→ What the task requires: Where a line in the records below includes "cdot", pull that line out.

→ Exercise materials:
----------------------------------------

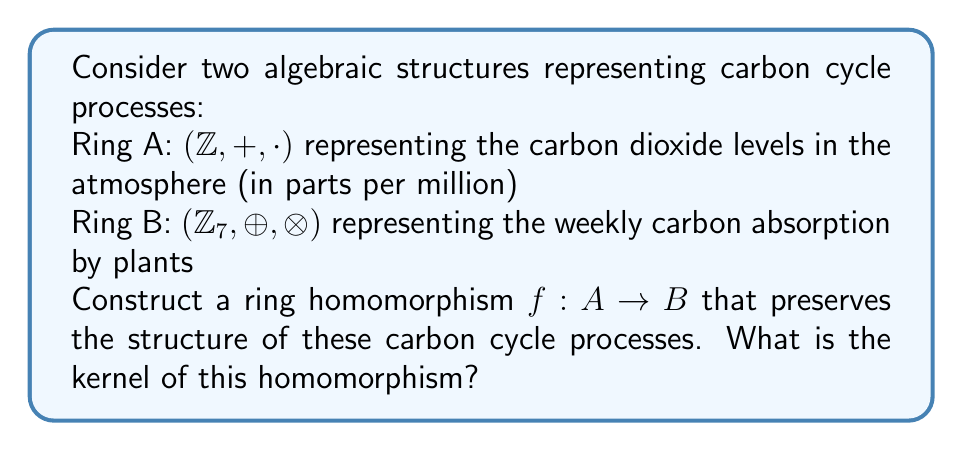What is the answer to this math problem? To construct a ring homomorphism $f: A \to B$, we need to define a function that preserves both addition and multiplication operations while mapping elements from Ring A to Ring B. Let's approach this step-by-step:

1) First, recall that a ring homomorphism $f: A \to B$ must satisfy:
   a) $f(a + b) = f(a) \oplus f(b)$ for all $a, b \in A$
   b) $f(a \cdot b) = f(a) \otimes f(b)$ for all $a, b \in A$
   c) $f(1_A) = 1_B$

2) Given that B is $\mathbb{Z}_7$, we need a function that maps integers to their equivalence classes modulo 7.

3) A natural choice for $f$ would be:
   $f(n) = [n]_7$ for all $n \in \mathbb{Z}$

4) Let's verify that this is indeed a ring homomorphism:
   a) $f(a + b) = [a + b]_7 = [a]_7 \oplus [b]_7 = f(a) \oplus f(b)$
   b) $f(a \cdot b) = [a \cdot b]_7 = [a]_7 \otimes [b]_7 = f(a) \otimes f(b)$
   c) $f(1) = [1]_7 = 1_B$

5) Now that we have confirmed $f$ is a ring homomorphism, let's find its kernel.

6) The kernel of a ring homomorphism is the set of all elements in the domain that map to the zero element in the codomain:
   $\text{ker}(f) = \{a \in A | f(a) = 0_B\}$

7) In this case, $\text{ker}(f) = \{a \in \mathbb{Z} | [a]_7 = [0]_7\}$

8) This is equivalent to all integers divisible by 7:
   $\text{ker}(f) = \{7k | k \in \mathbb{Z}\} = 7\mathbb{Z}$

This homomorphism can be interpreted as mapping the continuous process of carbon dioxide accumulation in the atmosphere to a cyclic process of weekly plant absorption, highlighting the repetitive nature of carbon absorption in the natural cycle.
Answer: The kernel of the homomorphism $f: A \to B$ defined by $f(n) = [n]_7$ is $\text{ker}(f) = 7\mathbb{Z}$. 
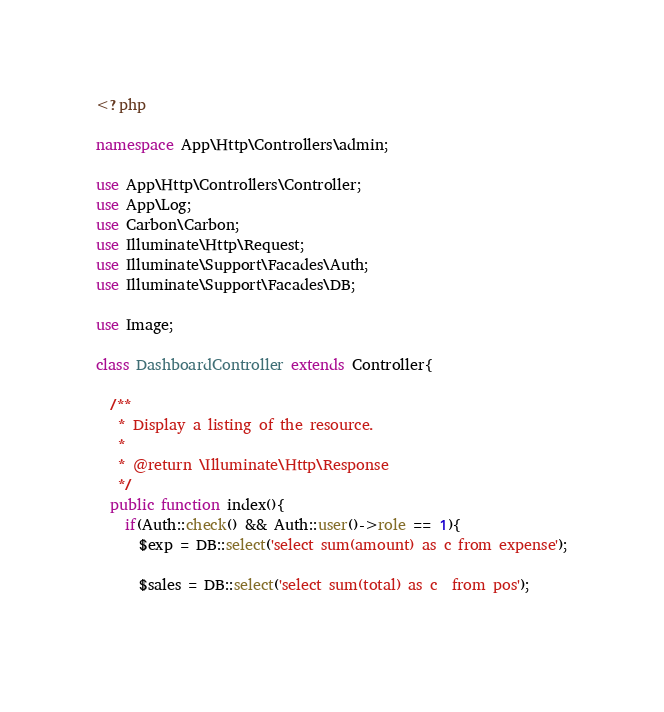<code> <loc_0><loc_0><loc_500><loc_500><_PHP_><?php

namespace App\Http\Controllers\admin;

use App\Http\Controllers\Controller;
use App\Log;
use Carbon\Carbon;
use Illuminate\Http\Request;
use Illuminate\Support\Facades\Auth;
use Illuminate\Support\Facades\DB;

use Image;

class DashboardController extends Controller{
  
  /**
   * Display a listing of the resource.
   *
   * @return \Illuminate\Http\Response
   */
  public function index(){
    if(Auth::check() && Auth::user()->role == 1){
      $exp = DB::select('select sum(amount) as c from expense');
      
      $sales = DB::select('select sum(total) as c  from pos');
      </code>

----------------------------------------

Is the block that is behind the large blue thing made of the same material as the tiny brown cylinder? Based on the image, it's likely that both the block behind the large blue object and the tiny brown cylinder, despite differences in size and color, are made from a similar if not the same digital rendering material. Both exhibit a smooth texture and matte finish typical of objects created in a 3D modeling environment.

----------------------------------------

→ Written reply:
   b) $f(a \cdot b) = f(a) \otimes f(b)$ for all $a, b \in A$
   b) $f(a \cdot b) = [a \cdot b]_7 = [a]_7 \otimes [b]_7 = f(a) \otimes f(b)$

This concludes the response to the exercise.